Top 10 Philly politics stories of 2013

A dust cloud rises as people run from the scene of a building collapse on the edge of downtown Philadelphia on Wednesday, June 5, 2013. Six people were killed after the structure collapsed. (AP Photo/Jordan McLaughlin, File)

The obligatory year-in-review blog post. Please harshly criticize my judgment in the comments. 

1. The still-unresolved Philadelphia School District funding crisis dominates budget negotiations and promises to do so again next year.

2. A botched demolition at 22nd and Market streets causes a building collapse that kills six people, including the daughter of City Treasurer Nancy Winkler, and leads to the suicide of city inspector Ronald Wagenhoffer.

3. Municipal union demonstrators prevent Mayor Nutter from delivering his annual budget address to City Council.

4. Fresh out of federal prison, state Sen. Vince Fumo returns to Philadelphia to serve out the remainder of his term under house arrest … speculation on a return to politics inevitably ensue.

5. The state General Assembly essentially eliminates Philadelphia Traffic Court following a long line of corruption charges, some still pending.

6. A slew of Democrats, including U.S. Rep. Allyson Schwartz and state Treasurer Rob McCord, line up to challenge Gov. Corbett, considered the nation’s most vulnerable 2014 incumbent governor.

7. The field for the 2015 mayoral race begins to take shape, with state Sen. Tony Williams, Council President Darrell Clarke, City Controller Alan Butkovitz and Councilman Jim Kenney generating the most buzz. 

8. Just before taking off for the holidays, City Council approves Maria Quinones-Sanchez's long-sought land bank bill, which is aimed at streamlining the arduous process of acquiring vacant property from the city. Philly will be the largest U.S. municipality with such an agency.

9. Implementation of the Actual Value Initiative property-tax reform effort sparks skepticism from some and applause from others.

10. Nutter’s approval rating is upside-down for the first time in his administration, according to Pew, and the school-funding crisis is likely to blame.

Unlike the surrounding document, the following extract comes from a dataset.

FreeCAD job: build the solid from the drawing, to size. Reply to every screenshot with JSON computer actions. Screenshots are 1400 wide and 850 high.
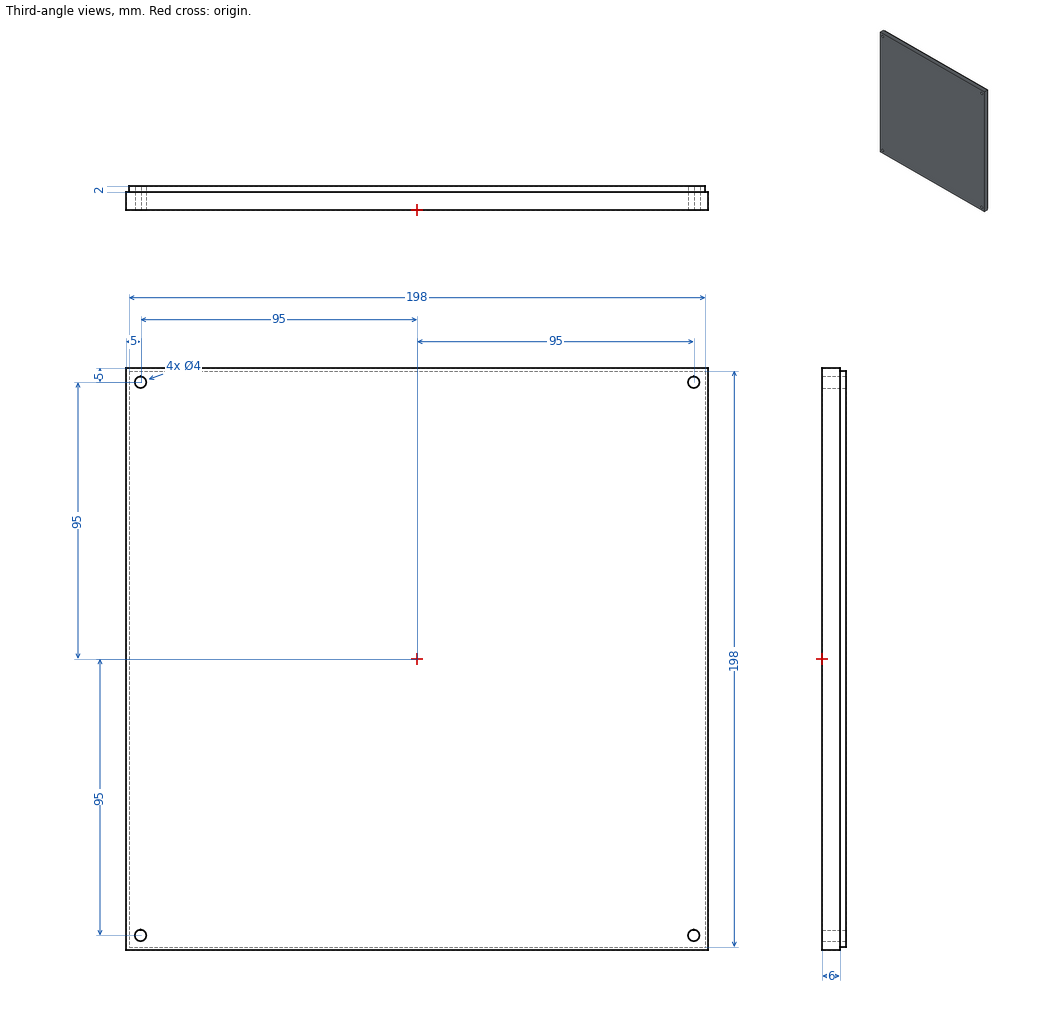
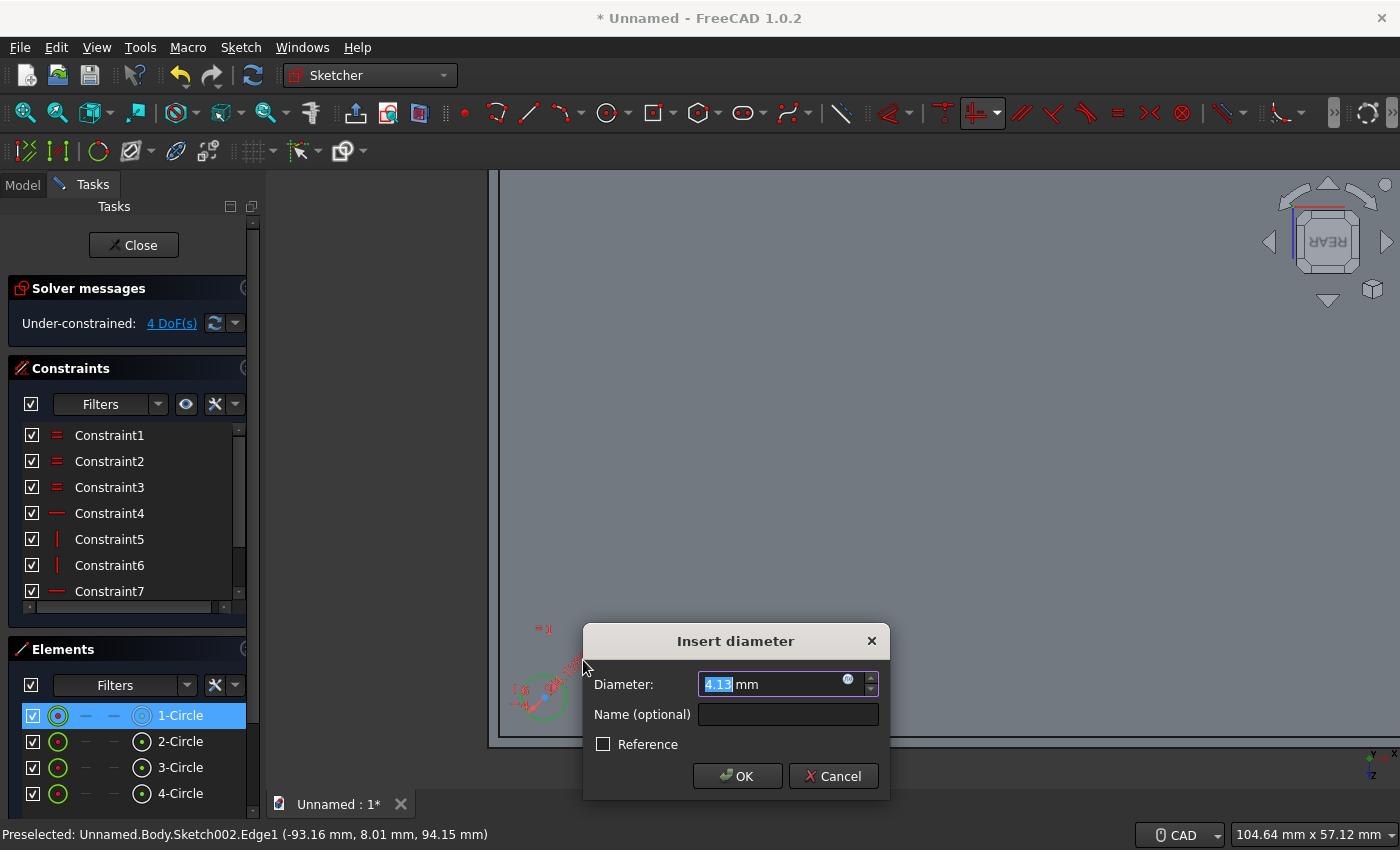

Stocking stuffer: Following a construction lull during and after the recession, a number of major development plans that could dramatically change the areas in and around downtown Philadelphia were announced, advanced or approved this year. They include: a major hotel at 15th and Chestnut (that is getting a $33 million city tax break); a 47-story residential tower on South Broad; CHOP’s proposed research center in the Devil’s Pocket/Graduate Hospital area; an addittion to the Cira Centre complex in University City; a four-tower residential project on the Delaware; and, of course, the six five bids to build Philly’s second casino. Now, we'll see how many renderings become realities.